Looking at EPSG:7711 metadata (ETRS89 to ODN height (2)), it mentions an accuracy of 8 mm. So here our RMSE is one order of magnitude below it (7.6e-4 m), and our max error is 2mm. @kbevers any opinion if given the above using a grid referenced to geographic coordinates compared to the original one referenced to projected coordinates is a reasonable compromise ?

[rouault]

@and-marsh Could you add a note in the README about the slight added error due to the reprojection (with mensions of the RMSE and max error) ? with that, I guess we should be good to go

[and-marsh]

@rouault I have added some notes to the README. Can I ask you regenerate index file, since for now I don't have GDAL with Python bindings? Thanks a lot!

[rouault]

Index regenerated

[SilverSloth]

Referring to the “Transformations_and_OSGM15_UserGuide.pdf“ contained in the developers pack, page 10, Table and note 6. I believe the developer pack provides “Geoid height”. Note 6 further explains that: ETRS height - OSGM15 Geoid height = orthometric height above mean sea level. So to obtain the vertical shift from ETRS89 (GRS80) to orthometric, the Geoid height must be multiplied by minus 1. The grid currently has positive instead of negative shifts.

[rouault]

The grid currently has positive instead of negative shifts.
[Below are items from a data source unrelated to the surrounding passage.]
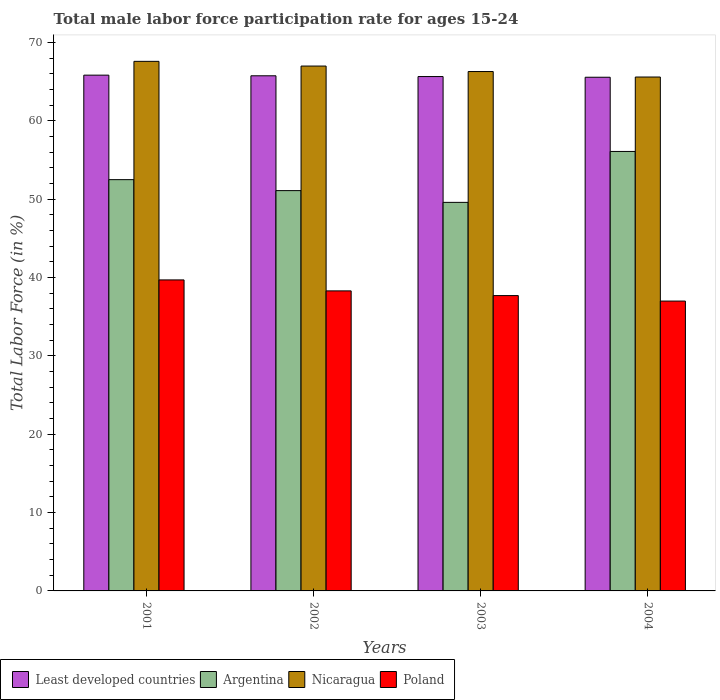Are the number of bars per tick equal to the number of legend labels?
Offer a very short reply. Yes. Are the number of bars on each tick of the X-axis equal?
Provide a short and direct response. Yes. What is the male labor force participation rate in Nicaragua in 2004?
Your answer should be compact. 65.6. Across all years, what is the maximum male labor force participation rate in Nicaragua?
Ensure brevity in your answer.  67.6. Across all years, what is the minimum male labor force participation rate in Poland?
Offer a very short reply. 37. In which year was the male labor force participation rate in Poland maximum?
Provide a short and direct response. 2001. In which year was the male labor force participation rate in Argentina minimum?
Provide a short and direct response. 2003. What is the total male labor force participation rate in Poland in the graph?
Offer a very short reply. 152.7. What is the difference between the male labor force participation rate in Nicaragua in 2001 and that in 2002?
Make the answer very short. 0.6. What is the difference between the male labor force participation rate in Poland in 2003 and the male labor force participation rate in Argentina in 2002?
Your response must be concise. -13.4. What is the average male labor force participation rate in Nicaragua per year?
Offer a very short reply. 66.62. In the year 2002, what is the difference between the male labor force participation rate in Nicaragua and male labor force participation rate in Least developed countries?
Offer a very short reply. 1.24. What is the ratio of the male labor force participation rate in Argentina in 2001 to that in 2004?
Give a very brief answer. 0.94. Is the difference between the male labor force participation rate in Nicaragua in 2001 and 2002 greater than the difference between the male labor force participation rate in Least developed countries in 2001 and 2002?
Provide a succinct answer. Yes. What is the difference between the highest and the second highest male labor force participation rate in Least developed countries?
Keep it short and to the point. 0.08. What is the difference between the highest and the lowest male labor force participation rate in Least developed countries?
Give a very brief answer. 0.27. Is the sum of the male labor force participation rate in Poland in 2001 and 2002 greater than the maximum male labor force participation rate in Argentina across all years?
Your response must be concise. Yes. What does the 1st bar from the left in 2001 represents?
Your answer should be compact. Least developed countries. How many bars are there?
Your response must be concise. 16. Are all the bars in the graph horizontal?
Keep it short and to the point. No. How many years are there in the graph?
Your answer should be very brief. 4. What is the difference between two consecutive major ticks on the Y-axis?
Ensure brevity in your answer.  10. Are the values on the major ticks of Y-axis written in scientific E-notation?
Your response must be concise. No. Does the graph contain any zero values?
Your answer should be very brief. No. Does the graph contain grids?
Your response must be concise. No. Where does the legend appear in the graph?
Provide a succinct answer. Bottom left. What is the title of the graph?
Your response must be concise. Total male labor force participation rate for ages 15-24. What is the label or title of the Y-axis?
Your response must be concise. Total Labor Force (in %). What is the Total Labor Force (in %) of Least developed countries in 2001?
Your answer should be compact. 65.84. What is the Total Labor Force (in %) of Argentina in 2001?
Make the answer very short. 52.5. What is the Total Labor Force (in %) of Nicaragua in 2001?
Provide a short and direct response. 67.6. What is the Total Labor Force (in %) in Poland in 2001?
Offer a very short reply. 39.7. What is the Total Labor Force (in %) in Least developed countries in 2002?
Give a very brief answer. 65.76. What is the Total Labor Force (in %) in Argentina in 2002?
Your answer should be compact. 51.1. What is the Total Labor Force (in %) in Nicaragua in 2002?
Keep it short and to the point. 67. What is the Total Labor Force (in %) in Poland in 2002?
Your answer should be compact. 38.3. What is the Total Labor Force (in %) of Least developed countries in 2003?
Your answer should be very brief. 65.66. What is the Total Labor Force (in %) of Argentina in 2003?
Keep it short and to the point. 49.6. What is the Total Labor Force (in %) of Nicaragua in 2003?
Provide a succinct answer. 66.3. What is the Total Labor Force (in %) in Poland in 2003?
Your answer should be compact. 37.7. What is the Total Labor Force (in %) in Least developed countries in 2004?
Provide a short and direct response. 65.57. What is the Total Labor Force (in %) in Argentina in 2004?
Your response must be concise. 56.1. What is the Total Labor Force (in %) of Nicaragua in 2004?
Make the answer very short. 65.6. Across all years, what is the maximum Total Labor Force (in %) in Least developed countries?
Your response must be concise. 65.84. Across all years, what is the maximum Total Labor Force (in %) in Argentina?
Your answer should be compact. 56.1. Across all years, what is the maximum Total Labor Force (in %) in Nicaragua?
Provide a succinct answer. 67.6. Across all years, what is the maximum Total Labor Force (in %) in Poland?
Offer a very short reply. 39.7. Across all years, what is the minimum Total Labor Force (in %) of Least developed countries?
Your answer should be compact. 65.57. Across all years, what is the minimum Total Labor Force (in %) of Argentina?
Your answer should be compact. 49.6. Across all years, what is the minimum Total Labor Force (in %) of Nicaragua?
Keep it short and to the point. 65.6. What is the total Total Labor Force (in %) in Least developed countries in the graph?
Your answer should be compact. 262.83. What is the total Total Labor Force (in %) of Argentina in the graph?
Give a very brief answer. 209.3. What is the total Total Labor Force (in %) of Nicaragua in the graph?
Keep it short and to the point. 266.5. What is the total Total Labor Force (in %) of Poland in the graph?
Give a very brief answer. 152.7. What is the difference between the Total Labor Force (in %) in Least developed countries in 2001 and that in 2002?
Ensure brevity in your answer.  0.08. What is the difference between the Total Labor Force (in %) of Argentina in 2001 and that in 2002?
Keep it short and to the point. 1.4. What is the difference between the Total Labor Force (in %) in Nicaragua in 2001 and that in 2002?
Keep it short and to the point. 0.6. What is the difference between the Total Labor Force (in %) of Poland in 2001 and that in 2002?
Keep it short and to the point. 1.4. What is the difference between the Total Labor Force (in %) in Least developed countries in 2001 and that in 2003?
Ensure brevity in your answer.  0.18. What is the difference between the Total Labor Force (in %) of Argentina in 2001 and that in 2003?
Offer a very short reply. 2.9. What is the difference between the Total Labor Force (in %) in Least developed countries in 2001 and that in 2004?
Ensure brevity in your answer.  0.27. What is the difference between the Total Labor Force (in %) in Least developed countries in 2002 and that in 2003?
Keep it short and to the point. 0.1. What is the difference between the Total Labor Force (in %) in Argentina in 2002 and that in 2003?
Your response must be concise. 1.5. What is the difference between the Total Labor Force (in %) in Nicaragua in 2002 and that in 2003?
Keep it short and to the point. 0.7. What is the difference between the Total Labor Force (in %) of Poland in 2002 and that in 2003?
Offer a terse response. 0.6. What is the difference between the Total Labor Force (in %) in Least developed countries in 2002 and that in 2004?
Ensure brevity in your answer.  0.19. What is the difference between the Total Labor Force (in %) in Least developed countries in 2003 and that in 2004?
Make the answer very short. 0.09. What is the difference between the Total Labor Force (in %) of Nicaragua in 2003 and that in 2004?
Your answer should be compact. 0.7. What is the difference between the Total Labor Force (in %) of Least developed countries in 2001 and the Total Labor Force (in %) of Argentina in 2002?
Ensure brevity in your answer.  14.74. What is the difference between the Total Labor Force (in %) in Least developed countries in 2001 and the Total Labor Force (in %) in Nicaragua in 2002?
Ensure brevity in your answer.  -1.16. What is the difference between the Total Labor Force (in %) of Least developed countries in 2001 and the Total Labor Force (in %) of Poland in 2002?
Provide a succinct answer. 27.54. What is the difference between the Total Labor Force (in %) of Nicaragua in 2001 and the Total Labor Force (in %) of Poland in 2002?
Provide a short and direct response. 29.3. What is the difference between the Total Labor Force (in %) in Least developed countries in 2001 and the Total Labor Force (in %) in Argentina in 2003?
Provide a short and direct response. 16.24. What is the difference between the Total Labor Force (in %) of Least developed countries in 2001 and the Total Labor Force (in %) of Nicaragua in 2003?
Provide a short and direct response. -0.46. What is the difference between the Total Labor Force (in %) of Least developed countries in 2001 and the Total Labor Force (in %) of Poland in 2003?
Your response must be concise. 28.14. What is the difference between the Total Labor Force (in %) in Argentina in 2001 and the Total Labor Force (in %) in Nicaragua in 2003?
Provide a succinct answer. -13.8. What is the difference between the Total Labor Force (in %) in Nicaragua in 2001 and the Total Labor Force (in %) in Poland in 2003?
Provide a succinct answer. 29.9. What is the difference between the Total Labor Force (in %) in Least developed countries in 2001 and the Total Labor Force (in %) in Argentina in 2004?
Your answer should be compact. 9.74. What is the difference between the Total Labor Force (in %) of Least developed countries in 2001 and the Total Labor Force (in %) of Nicaragua in 2004?
Your answer should be very brief. 0.24. What is the difference between the Total Labor Force (in %) of Least developed countries in 2001 and the Total Labor Force (in %) of Poland in 2004?
Make the answer very short. 28.84. What is the difference between the Total Labor Force (in %) in Argentina in 2001 and the Total Labor Force (in %) in Nicaragua in 2004?
Give a very brief answer. -13.1. What is the difference between the Total Labor Force (in %) of Argentina in 2001 and the Total Labor Force (in %) of Poland in 2004?
Give a very brief answer. 15.5. What is the difference between the Total Labor Force (in %) in Nicaragua in 2001 and the Total Labor Force (in %) in Poland in 2004?
Offer a very short reply. 30.6. What is the difference between the Total Labor Force (in %) in Least developed countries in 2002 and the Total Labor Force (in %) in Argentina in 2003?
Your answer should be very brief. 16.16. What is the difference between the Total Labor Force (in %) of Least developed countries in 2002 and the Total Labor Force (in %) of Nicaragua in 2003?
Your response must be concise. -0.54. What is the difference between the Total Labor Force (in %) in Least developed countries in 2002 and the Total Labor Force (in %) in Poland in 2003?
Give a very brief answer. 28.06. What is the difference between the Total Labor Force (in %) of Argentina in 2002 and the Total Labor Force (in %) of Nicaragua in 2003?
Provide a succinct answer. -15.2. What is the difference between the Total Labor Force (in %) in Argentina in 2002 and the Total Labor Force (in %) in Poland in 2003?
Your response must be concise. 13.4. What is the difference between the Total Labor Force (in %) of Nicaragua in 2002 and the Total Labor Force (in %) of Poland in 2003?
Keep it short and to the point. 29.3. What is the difference between the Total Labor Force (in %) in Least developed countries in 2002 and the Total Labor Force (in %) in Argentina in 2004?
Keep it short and to the point. 9.66. What is the difference between the Total Labor Force (in %) in Least developed countries in 2002 and the Total Labor Force (in %) in Nicaragua in 2004?
Provide a succinct answer. 0.16. What is the difference between the Total Labor Force (in %) of Least developed countries in 2002 and the Total Labor Force (in %) of Poland in 2004?
Your response must be concise. 28.76. What is the difference between the Total Labor Force (in %) in Argentina in 2002 and the Total Labor Force (in %) in Poland in 2004?
Your answer should be compact. 14.1. What is the difference between the Total Labor Force (in %) in Nicaragua in 2002 and the Total Labor Force (in %) in Poland in 2004?
Your answer should be compact. 30. What is the difference between the Total Labor Force (in %) in Least developed countries in 2003 and the Total Labor Force (in %) in Argentina in 2004?
Your answer should be very brief. 9.56. What is the difference between the Total Labor Force (in %) in Least developed countries in 2003 and the Total Labor Force (in %) in Nicaragua in 2004?
Your answer should be compact. 0.06. What is the difference between the Total Labor Force (in %) of Least developed countries in 2003 and the Total Labor Force (in %) of Poland in 2004?
Offer a very short reply. 28.66. What is the difference between the Total Labor Force (in %) in Argentina in 2003 and the Total Labor Force (in %) in Poland in 2004?
Your answer should be very brief. 12.6. What is the difference between the Total Labor Force (in %) in Nicaragua in 2003 and the Total Labor Force (in %) in Poland in 2004?
Offer a terse response. 29.3. What is the average Total Labor Force (in %) in Least developed countries per year?
Give a very brief answer. 65.71. What is the average Total Labor Force (in %) of Argentina per year?
Offer a very short reply. 52.33. What is the average Total Labor Force (in %) in Nicaragua per year?
Make the answer very short. 66.62. What is the average Total Labor Force (in %) of Poland per year?
Provide a succinct answer. 38.17. In the year 2001, what is the difference between the Total Labor Force (in %) in Least developed countries and Total Labor Force (in %) in Argentina?
Make the answer very short. 13.34. In the year 2001, what is the difference between the Total Labor Force (in %) of Least developed countries and Total Labor Force (in %) of Nicaragua?
Make the answer very short. -1.76. In the year 2001, what is the difference between the Total Labor Force (in %) in Least developed countries and Total Labor Force (in %) in Poland?
Offer a terse response. 26.14. In the year 2001, what is the difference between the Total Labor Force (in %) of Argentina and Total Labor Force (in %) of Nicaragua?
Make the answer very short. -15.1. In the year 2001, what is the difference between the Total Labor Force (in %) in Argentina and Total Labor Force (in %) in Poland?
Provide a succinct answer. 12.8. In the year 2001, what is the difference between the Total Labor Force (in %) of Nicaragua and Total Labor Force (in %) of Poland?
Give a very brief answer. 27.9. In the year 2002, what is the difference between the Total Labor Force (in %) in Least developed countries and Total Labor Force (in %) in Argentina?
Offer a very short reply. 14.66. In the year 2002, what is the difference between the Total Labor Force (in %) of Least developed countries and Total Labor Force (in %) of Nicaragua?
Your response must be concise. -1.24. In the year 2002, what is the difference between the Total Labor Force (in %) of Least developed countries and Total Labor Force (in %) of Poland?
Make the answer very short. 27.46. In the year 2002, what is the difference between the Total Labor Force (in %) of Argentina and Total Labor Force (in %) of Nicaragua?
Keep it short and to the point. -15.9. In the year 2002, what is the difference between the Total Labor Force (in %) of Nicaragua and Total Labor Force (in %) of Poland?
Keep it short and to the point. 28.7. In the year 2003, what is the difference between the Total Labor Force (in %) of Least developed countries and Total Labor Force (in %) of Argentina?
Give a very brief answer. 16.06. In the year 2003, what is the difference between the Total Labor Force (in %) in Least developed countries and Total Labor Force (in %) in Nicaragua?
Your answer should be very brief. -0.64. In the year 2003, what is the difference between the Total Labor Force (in %) of Least developed countries and Total Labor Force (in %) of Poland?
Your answer should be compact. 27.96. In the year 2003, what is the difference between the Total Labor Force (in %) of Argentina and Total Labor Force (in %) of Nicaragua?
Make the answer very short. -16.7. In the year 2003, what is the difference between the Total Labor Force (in %) of Nicaragua and Total Labor Force (in %) of Poland?
Ensure brevity in your answer.  28.6. In the year 2004, what is the difference between the Total Labor Force (in %) of Least developed countries and Total Labor Force (in %) of Argentina?
Your answer should be very brief. 9.47. In the year 2004, what is the difference between the Total Labor Force (in %) of Least developed countries and Total Labor Force (in %) of Nicaragua?
Give a very brief answer. -0.03. In the year 2004, what is the difference between the Total Labor Force (in %) of Least developed countries and Total Labor Force (in %) of Poland?
Provide a succinct answer. 28.57. In the year 2004, what is the difference between the Total Labor Force (in %) in Argentina and Total Labor Force (in %) in Poland?
Your answer should be very brief. 19.1. In the year 2004, what is the difference between the Total Labor Force (in %) of Nicaragua and Total Labor Force (in %) of Poland?
Your response must be concise. 28.6. What is the ratio of the Total Labor Force (in %) in Least developed countries in 2001 to that in 2002?
Provide a succinct answer. 1. What is the ratio of the Total Labor Force (in %) in Argentina in 2001 to that in 2002?
Your response must be concise. 1.03. What is the ratio of the Total Labor Force (in %) in Poland in 2001 to that in 2002?
Keep it short and to the point. 1.04. What is the ratio of the Total Labor Force (in %) in Argentina in 2001 to that in 2003?
Make the answer very short. 1.06. What is the ratio of the Total Labor Force (in %) of Nicaragua in 2001 to that in 2003?
Your response must be concise. 1.02. What is the ratio of the Total Labor Force (in %) in Poland in 2001 to that in 2003?
Your answer should be very brief. 1.05. What is the ratio of the Total Labor Force (in %) in Argentina in 2001 to that in 2004?
Your answer should be compact. 0.94. What is the ratio of the Total Labor Force (in %) in Nicaragua in 2001 to that in 2004?
Ensure brevity in your answer.  1.03. What is the ratio of the Total Labor Force (in %) in Poland in 2001 to that in 2004?
Make the answer very short. 1.07. What is the ratio of the Total Labor Force (in %) of Argentina in 2002 to that in 2003?
Keep it short and to the point. 1.03. What is the ratio of the Total Labor Force (in %) in Nicaragua in 2002 to that in 2003?
Provide a short and direct response. 1.01. What is the ratio of the Total Labor Force (in %) of Poland in 2002 to that in 2003?
Your response must be concise. 1.02. What is the ratio of the Total Labor Force (in %) in Argentina in 2002 to that in 2004?
Your answer should be compact. 0.91. What is the ratio of the Total Labor Force (in %) of Nicaragua in 2002 to that in 2004?
Give a very brief answer. 1.02. What is the ratio of the Total Labor Force (in %) of Poland in 2002 to that in 2004?
Your answer should be compact. 1.04. What is the ratio of the Total Labor Force (in %) in Argentina in 2003 to that in 2004?
Your answer should be very brief. 0.88. What is the ratio of the Total Labor Force (in %) of Nicaragua in 2003 to that in 2004?
Give a very brief answer. 1.01. What is the ratio of the Total Labor Force (in %) in Poland in 2003 to that in 2004?
Your answer should be very brief. 1.02. What is the difference between the highest and the second highest Total Labor Force (in %) in Least developed countries?
Your answer should be very brief. 0.08. What is the difference between the highest and the lowest Total Labor Force (in %) of Least developed countries?
Your response must be concise. 0.27. What is the difference between the highest and the lowest Total Labor Force (in %) in Poland?
Provide a short and direct response. 2.7.

yes, that's correct. Geoid models as used in PROJ (and in most other formats) must be the value of the geoid undulation, that is the ellipsoidal height for a orthometric altitude of 0.
The value in the uk_os_OSGM15_GB.tif file are consistent with the EGM96 geoid model:

$ gdallocationinfo -wgs84 uk_os_OSGM15_GB.tif 0 50
Report:
  Location: (593P,1239L)
  Band 1:
    Value: 44.4401626586914

$ gdallocationinfo -wgs84 us_nga_egm96_15.tif 0 50
Report:
  Location: (720P,160L)
  Band 1:
    Value: 45.0383186340332

[SilverSloth]

Oh, it’s a OSGM15 Geoid height model relative to ETRS89/GRS80 ellipsoid, not a vertical shift from ETRS89/GRS80 to OSGB36/ODN. Thanks for helping the penny drop. Not all vertical shifts are Geoid models, so would be helpful to know this one is.